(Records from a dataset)
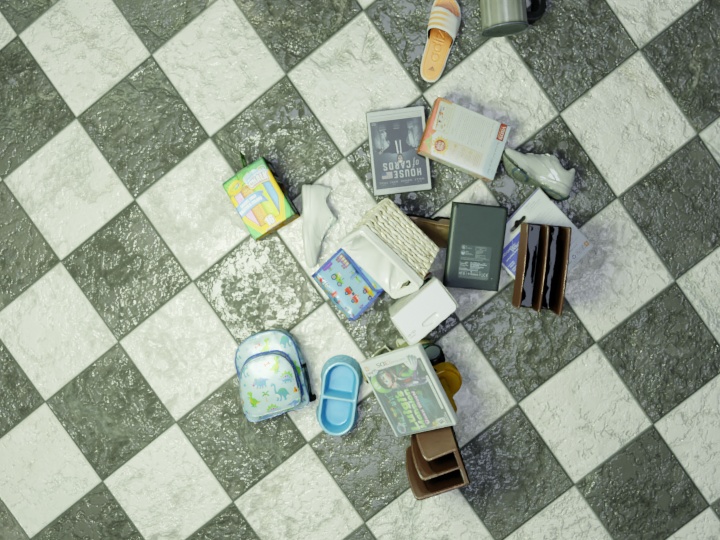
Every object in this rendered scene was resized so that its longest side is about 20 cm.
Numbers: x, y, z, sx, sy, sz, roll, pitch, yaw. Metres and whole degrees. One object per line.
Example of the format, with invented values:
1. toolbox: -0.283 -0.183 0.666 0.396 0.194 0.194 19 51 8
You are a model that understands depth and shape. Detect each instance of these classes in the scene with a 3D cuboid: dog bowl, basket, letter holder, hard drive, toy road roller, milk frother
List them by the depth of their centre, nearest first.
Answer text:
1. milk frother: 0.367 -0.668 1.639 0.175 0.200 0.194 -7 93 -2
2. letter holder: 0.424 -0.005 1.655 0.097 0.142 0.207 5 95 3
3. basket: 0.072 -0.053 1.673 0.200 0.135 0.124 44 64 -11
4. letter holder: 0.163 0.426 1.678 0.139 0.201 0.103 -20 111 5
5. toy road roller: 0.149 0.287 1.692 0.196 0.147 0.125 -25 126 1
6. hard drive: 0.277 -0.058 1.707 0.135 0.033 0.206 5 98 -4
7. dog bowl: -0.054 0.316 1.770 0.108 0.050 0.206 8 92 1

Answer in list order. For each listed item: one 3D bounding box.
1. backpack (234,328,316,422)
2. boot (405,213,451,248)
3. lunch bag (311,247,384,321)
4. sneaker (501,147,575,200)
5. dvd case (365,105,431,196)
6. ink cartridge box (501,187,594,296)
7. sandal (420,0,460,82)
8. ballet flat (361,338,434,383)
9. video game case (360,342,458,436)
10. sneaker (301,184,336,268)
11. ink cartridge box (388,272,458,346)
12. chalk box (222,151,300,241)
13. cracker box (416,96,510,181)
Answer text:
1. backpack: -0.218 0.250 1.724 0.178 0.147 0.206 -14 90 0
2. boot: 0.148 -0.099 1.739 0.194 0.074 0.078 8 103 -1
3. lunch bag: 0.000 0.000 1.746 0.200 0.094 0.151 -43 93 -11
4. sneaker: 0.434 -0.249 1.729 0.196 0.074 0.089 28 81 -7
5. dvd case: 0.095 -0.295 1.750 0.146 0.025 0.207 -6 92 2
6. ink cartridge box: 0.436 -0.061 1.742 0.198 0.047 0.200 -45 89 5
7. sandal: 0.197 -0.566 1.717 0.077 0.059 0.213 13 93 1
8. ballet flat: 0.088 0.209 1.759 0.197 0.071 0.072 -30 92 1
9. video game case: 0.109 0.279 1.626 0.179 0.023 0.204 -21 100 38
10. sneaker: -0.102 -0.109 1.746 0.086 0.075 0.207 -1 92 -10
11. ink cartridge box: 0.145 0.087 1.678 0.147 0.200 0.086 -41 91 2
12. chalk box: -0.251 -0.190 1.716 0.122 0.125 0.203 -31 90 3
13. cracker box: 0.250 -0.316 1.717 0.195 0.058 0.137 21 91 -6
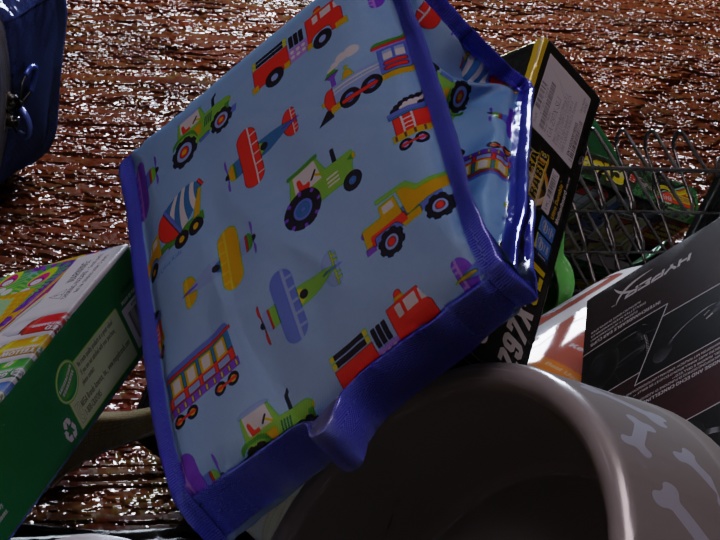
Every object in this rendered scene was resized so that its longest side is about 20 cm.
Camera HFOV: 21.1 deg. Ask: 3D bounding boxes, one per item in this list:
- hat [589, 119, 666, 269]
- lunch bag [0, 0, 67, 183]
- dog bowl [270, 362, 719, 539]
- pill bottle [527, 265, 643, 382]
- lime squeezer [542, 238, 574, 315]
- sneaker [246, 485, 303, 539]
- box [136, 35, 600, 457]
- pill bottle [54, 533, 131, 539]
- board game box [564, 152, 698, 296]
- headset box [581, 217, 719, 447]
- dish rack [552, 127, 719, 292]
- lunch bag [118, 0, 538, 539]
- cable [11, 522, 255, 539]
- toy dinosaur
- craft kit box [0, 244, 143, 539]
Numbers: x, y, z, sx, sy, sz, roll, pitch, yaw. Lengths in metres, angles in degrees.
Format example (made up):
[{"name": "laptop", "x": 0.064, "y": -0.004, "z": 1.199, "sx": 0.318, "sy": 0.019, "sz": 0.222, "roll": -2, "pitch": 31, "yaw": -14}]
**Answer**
...
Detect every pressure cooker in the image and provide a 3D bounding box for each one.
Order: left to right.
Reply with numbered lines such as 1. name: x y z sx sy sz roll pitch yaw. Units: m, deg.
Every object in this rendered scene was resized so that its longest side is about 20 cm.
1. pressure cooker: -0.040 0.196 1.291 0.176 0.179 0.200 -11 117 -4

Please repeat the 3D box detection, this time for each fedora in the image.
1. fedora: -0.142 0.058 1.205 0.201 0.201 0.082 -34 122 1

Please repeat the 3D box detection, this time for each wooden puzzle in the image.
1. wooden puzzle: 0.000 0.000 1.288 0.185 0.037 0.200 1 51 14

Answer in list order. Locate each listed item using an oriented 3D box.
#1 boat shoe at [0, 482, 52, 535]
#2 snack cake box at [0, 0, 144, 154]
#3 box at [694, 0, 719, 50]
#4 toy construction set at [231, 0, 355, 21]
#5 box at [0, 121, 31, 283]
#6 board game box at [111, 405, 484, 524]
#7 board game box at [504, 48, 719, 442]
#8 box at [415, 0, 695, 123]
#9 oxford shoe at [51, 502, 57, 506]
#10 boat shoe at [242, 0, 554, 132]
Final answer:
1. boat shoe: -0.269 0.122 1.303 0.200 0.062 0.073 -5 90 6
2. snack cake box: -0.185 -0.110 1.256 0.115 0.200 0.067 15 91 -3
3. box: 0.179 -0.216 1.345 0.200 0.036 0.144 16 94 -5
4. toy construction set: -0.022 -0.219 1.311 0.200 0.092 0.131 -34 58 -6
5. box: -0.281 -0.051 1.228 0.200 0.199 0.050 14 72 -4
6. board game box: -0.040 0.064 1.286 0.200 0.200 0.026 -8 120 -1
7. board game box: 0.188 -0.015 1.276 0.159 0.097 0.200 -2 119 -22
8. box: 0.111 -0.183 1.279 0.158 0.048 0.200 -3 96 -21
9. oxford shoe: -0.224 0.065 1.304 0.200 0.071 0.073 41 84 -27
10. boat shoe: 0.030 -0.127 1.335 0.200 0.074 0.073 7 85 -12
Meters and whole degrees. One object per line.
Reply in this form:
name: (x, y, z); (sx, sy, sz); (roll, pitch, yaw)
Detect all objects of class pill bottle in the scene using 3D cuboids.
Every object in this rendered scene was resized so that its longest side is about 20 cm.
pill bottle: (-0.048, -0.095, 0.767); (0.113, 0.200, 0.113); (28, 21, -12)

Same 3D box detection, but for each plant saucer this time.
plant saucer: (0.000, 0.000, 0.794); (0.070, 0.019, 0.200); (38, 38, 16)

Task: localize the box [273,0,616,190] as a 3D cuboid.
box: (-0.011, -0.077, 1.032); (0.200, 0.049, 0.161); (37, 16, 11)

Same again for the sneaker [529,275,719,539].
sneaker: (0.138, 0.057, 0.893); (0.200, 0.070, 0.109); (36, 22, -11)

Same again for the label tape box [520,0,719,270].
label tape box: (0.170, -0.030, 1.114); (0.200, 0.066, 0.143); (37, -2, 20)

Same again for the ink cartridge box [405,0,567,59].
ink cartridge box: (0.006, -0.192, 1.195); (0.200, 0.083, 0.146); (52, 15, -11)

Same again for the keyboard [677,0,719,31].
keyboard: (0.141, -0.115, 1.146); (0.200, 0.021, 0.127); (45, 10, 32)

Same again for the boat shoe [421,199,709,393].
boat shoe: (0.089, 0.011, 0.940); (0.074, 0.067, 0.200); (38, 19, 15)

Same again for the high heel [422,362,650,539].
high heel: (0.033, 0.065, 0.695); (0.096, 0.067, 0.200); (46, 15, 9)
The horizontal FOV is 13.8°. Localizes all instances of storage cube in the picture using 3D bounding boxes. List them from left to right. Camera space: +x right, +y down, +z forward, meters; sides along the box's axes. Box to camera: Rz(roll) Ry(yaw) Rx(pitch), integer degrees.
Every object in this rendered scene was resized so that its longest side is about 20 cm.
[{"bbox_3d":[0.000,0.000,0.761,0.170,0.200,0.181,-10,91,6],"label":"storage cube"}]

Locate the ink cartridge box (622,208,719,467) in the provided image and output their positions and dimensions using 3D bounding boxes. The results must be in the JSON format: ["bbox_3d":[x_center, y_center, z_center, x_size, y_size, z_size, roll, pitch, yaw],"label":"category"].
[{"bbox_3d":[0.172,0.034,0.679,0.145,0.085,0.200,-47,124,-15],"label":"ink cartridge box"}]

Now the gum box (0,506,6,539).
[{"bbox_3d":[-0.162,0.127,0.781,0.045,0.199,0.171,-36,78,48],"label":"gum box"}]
* * *
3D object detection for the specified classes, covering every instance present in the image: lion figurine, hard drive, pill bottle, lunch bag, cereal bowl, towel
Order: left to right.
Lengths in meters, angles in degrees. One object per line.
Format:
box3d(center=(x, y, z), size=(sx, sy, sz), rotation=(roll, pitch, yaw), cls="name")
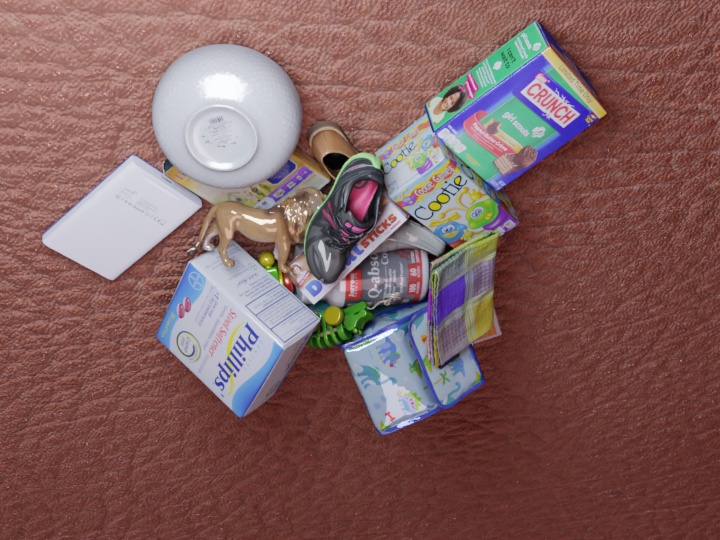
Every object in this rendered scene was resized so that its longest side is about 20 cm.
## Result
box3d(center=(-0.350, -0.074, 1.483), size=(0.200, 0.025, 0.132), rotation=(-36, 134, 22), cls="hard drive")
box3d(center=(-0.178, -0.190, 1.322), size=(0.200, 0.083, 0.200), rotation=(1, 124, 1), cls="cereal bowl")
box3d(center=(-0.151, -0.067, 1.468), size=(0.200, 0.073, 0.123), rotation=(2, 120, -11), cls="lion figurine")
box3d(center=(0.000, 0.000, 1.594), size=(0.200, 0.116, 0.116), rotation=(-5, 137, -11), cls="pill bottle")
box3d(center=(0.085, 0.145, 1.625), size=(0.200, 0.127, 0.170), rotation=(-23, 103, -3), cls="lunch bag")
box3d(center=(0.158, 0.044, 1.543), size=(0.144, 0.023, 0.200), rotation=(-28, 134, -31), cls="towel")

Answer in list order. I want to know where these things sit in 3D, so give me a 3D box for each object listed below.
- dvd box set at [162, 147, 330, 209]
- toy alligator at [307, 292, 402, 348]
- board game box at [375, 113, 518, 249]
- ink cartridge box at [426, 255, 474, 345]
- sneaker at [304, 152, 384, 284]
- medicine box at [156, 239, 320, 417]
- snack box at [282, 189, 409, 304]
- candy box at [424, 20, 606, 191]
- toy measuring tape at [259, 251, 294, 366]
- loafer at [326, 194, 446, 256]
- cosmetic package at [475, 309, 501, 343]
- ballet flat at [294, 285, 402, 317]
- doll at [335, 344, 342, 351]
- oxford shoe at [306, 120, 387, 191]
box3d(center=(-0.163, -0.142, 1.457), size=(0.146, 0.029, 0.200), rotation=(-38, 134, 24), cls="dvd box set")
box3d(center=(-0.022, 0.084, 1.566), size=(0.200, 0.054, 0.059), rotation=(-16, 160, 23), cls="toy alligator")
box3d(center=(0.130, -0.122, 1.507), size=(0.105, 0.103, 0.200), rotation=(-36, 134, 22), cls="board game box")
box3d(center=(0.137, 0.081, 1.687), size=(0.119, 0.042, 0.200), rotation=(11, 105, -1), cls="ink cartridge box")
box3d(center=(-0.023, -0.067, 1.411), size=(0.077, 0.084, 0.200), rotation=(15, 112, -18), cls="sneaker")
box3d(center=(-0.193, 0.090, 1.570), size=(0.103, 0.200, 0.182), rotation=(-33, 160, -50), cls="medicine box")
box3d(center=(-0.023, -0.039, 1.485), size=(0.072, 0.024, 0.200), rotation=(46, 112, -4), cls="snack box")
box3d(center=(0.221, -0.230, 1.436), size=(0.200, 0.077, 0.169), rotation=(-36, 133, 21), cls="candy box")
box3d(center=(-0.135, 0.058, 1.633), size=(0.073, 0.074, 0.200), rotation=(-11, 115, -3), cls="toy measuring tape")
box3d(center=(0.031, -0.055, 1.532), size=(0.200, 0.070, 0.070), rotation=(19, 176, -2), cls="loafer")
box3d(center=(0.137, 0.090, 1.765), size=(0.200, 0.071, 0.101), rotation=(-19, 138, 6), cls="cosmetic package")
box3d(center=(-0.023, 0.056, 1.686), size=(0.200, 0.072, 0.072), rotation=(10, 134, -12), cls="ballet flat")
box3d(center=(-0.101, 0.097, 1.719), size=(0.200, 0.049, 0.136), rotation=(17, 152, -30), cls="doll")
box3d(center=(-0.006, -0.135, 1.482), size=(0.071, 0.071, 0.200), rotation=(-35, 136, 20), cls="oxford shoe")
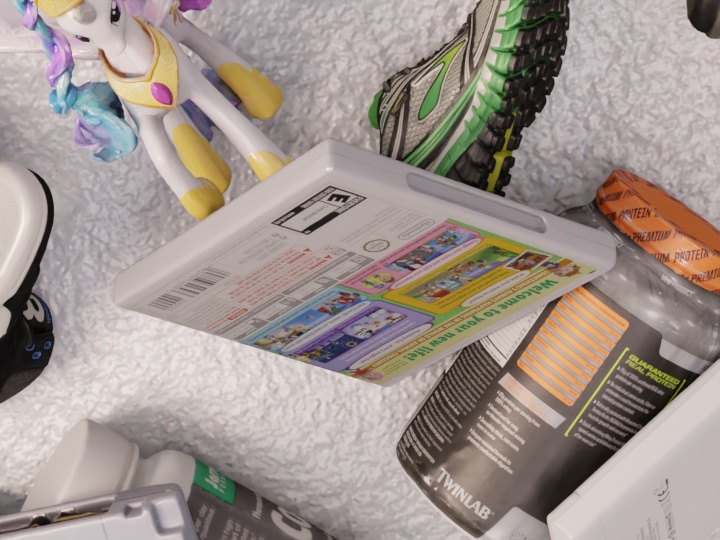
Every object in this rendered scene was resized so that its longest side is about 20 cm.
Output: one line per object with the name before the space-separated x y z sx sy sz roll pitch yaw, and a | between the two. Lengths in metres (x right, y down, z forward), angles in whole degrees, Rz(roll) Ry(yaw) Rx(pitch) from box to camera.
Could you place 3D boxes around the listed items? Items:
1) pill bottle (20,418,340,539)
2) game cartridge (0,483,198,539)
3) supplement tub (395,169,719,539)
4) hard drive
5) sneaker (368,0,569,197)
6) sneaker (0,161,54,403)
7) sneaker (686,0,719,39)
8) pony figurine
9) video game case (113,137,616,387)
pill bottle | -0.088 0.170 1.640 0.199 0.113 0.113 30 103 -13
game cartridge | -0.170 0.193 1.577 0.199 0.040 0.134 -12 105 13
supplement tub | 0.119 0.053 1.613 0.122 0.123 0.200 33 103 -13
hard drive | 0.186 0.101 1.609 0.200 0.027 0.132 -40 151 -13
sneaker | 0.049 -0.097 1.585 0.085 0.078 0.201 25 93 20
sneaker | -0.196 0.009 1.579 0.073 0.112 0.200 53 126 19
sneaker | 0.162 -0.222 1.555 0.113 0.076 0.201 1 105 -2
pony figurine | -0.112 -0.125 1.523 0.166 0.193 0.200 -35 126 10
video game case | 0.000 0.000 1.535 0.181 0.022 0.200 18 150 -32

• _ACTIVITY_
Every line that holds the string "Reply" must be copied from the records above.

• _EXERCISE SOLUTION_
Reply with numbered lines such as 1. name: x y z sx sy sz roll pitch yaw. Units: m, deg.
Reply in this form:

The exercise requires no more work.